++++ Provided entries ++++
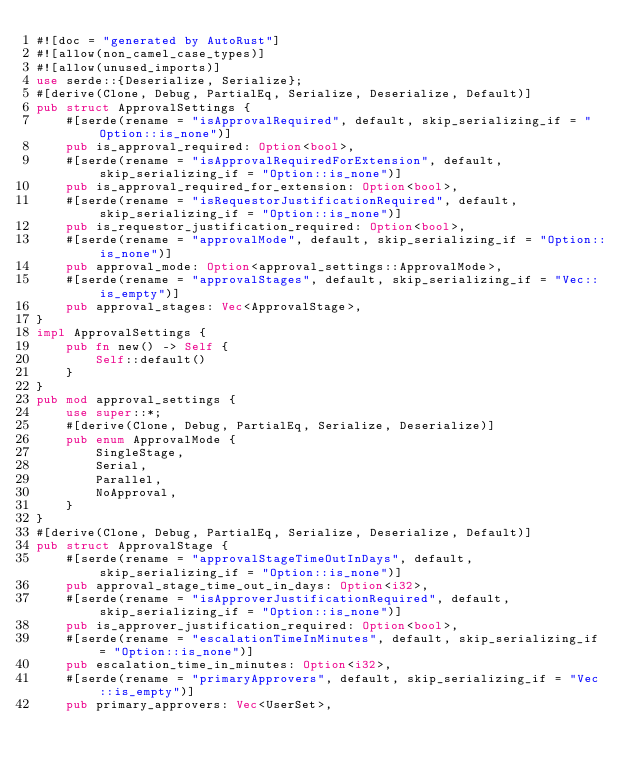<code> <loc_0><loc_0><loc_500><loc_500><_Rust_>#![doc = "generated by AutoRust"]
#![allow(non_camel_case_types)]
#![allow(unused_imports)]
use serde::{Deserialize, Serialize};
#[derive(Clone, Debug, PartialEq, Serialize, Deserialize, Default)]
pub struct ApprovalSettings {
    #[serde(rename = "isApprovalRequired", default, skip_serializing_if = "Option::is_none")]
    pub is_approval_required: Option<bool>,
    #[serde(rename = "isApprovalRequiredForExtension", default, skip_serializing_if = "Option::is_none")]
    pub is_approval_required_for_extension: Option<bool>,
    #[serde(rename = "isRequestorJustificationRequired", default, skip_serializing_if = "Option::is_none")]
    pub is_requestor_justification_required: Option<bool>,
    #[serde(rename = "approvalMode", default, skip_serializing_if = "Option::is_none")]
    pub approval_mode: Option<approval_settings::ApprovalMode>,
    #[serde(rename = "approvalStages", default, skip_serializing_if = "Vec::is_empty")]
    pub approval_stages: Vec<ApprovalStage>,
}
impl ApprovalSettings {
    pub fn new() -> Self {
        Self::default()
    }
}
pub mod approval_settings {
    use super::*;
    #[derive(Clone, Debug, PartialEq, Serialize, Deserialize)]
    pub enum ApprovalMode {
        SingleStage,
        Serial,
        Parallel,
        NoApproval,
    }
}
#[derive(Clone, Debug, PartialEq, Serialize, Deserialize, Default)]
pub struct ApprovalStage {
    #[serde(rename = "approvalStageTimeOutInDays", default, skip_serializing_if = "Option::is_none")]
    pub approval_stage_time_out_in_days: Option<i32>,
    #[serde(rename = "isApproverJustificationRequired", default, skip_serializing_if = "Option::is_none")]
    pub is_approver_justification_required: Option<bool>,
    #[serde(rename = "escalationTimeInMinutes", default, skip_serializing_if = "Option::is_none")]
    pub escalation_time_in_minutes: Option<i32>,
    #[serde(rename = "primaryApprovers", default, skip_serializing_if = "Vec::is_empty")]
    pub primary_approvers: Vec<UserSet>,</code>
++++
→ **What this task involves**:
Every entry is to be reproduced word for word, and no image is carried over.

→ **Result for this task**:
<code> <loc_0><loc_0><loc_500><loc_500><_Rust_>#![doc = "generated by AutoRust"]
#![allow(non_camel_case_types)]
#![allow(unused_imports)]
use serde::{Deserialize, Serialize};
#[derive(Clone, Debug, PartialEq, Serialize, Deserialize, Default)]
pub struct ApprovalSettings {
    #[serde(rename = "isApprovalRequired", default, skip_serializing_if = "Option::is_none")]
    pub is_approval_required: Option<bool>,
    #[serde(rename = "isApprovalRequiredForExtension", default, skip_serializing_if = "Option::is_none")]
    pub is_approval_required_for_extension: Option<bool>,
    #[serde(rename = "isRequestorJustificationRequired", default, skip_serializing_if = "Option::is_none")]
    pub is_requestor_justification_required: Option<bool>,
    #[serde(rename = "approvalMode", default, skip_serializing_if = "Option::is_none")]
    pub approval_mode: Option<approval_settings::ApprovalMode>,
    #[serde(rename = "approvalStages", default, skip_serializing_if = "Vec::is_empty")]
    pub approval_stages: Vec<ApprovalStage>,
}
impl ApprovalSettings {
    pub fn new() -> Self {
        Self::default()
    }
}
pub mod approval_settings {
    use super::*;
    #[derive(Clone, Debug, PartialEq, Serialize, Deserialize)]
    pub enum ApprovalMode {
        SingleStage,
        Serial,
        Parallel,
        NoApproval,
    }
}
#[derive(Clone, Debug, PartialEq, Serialize, Deserialize, Default)]
pub struct ApprovalStage {
    #[serde(rename = "approvalStageTimeOutInDays", default, skip_serializing_if = "Option::is_none")]
    pub approval_stage_time_out_in_days: Option<i32>,
    #[serde(rename = "isApproverJustificationRequired", default, skip_serializing_if = "Option::is_none")]
    pub is_approver_justification_required: Option<bool>,
    #[serde(rename = "escalationTimeInMinutes", default, skip_serializing_if = "Option::is_none")]
    pub escalation_time_in_minutes: Option<i32>,
    #[serde(rename = "primaryApprovers", default, skip_serializing_if = "Vec::is_empty")]
    pub primary_approvers: Vec<UserSet>,</code>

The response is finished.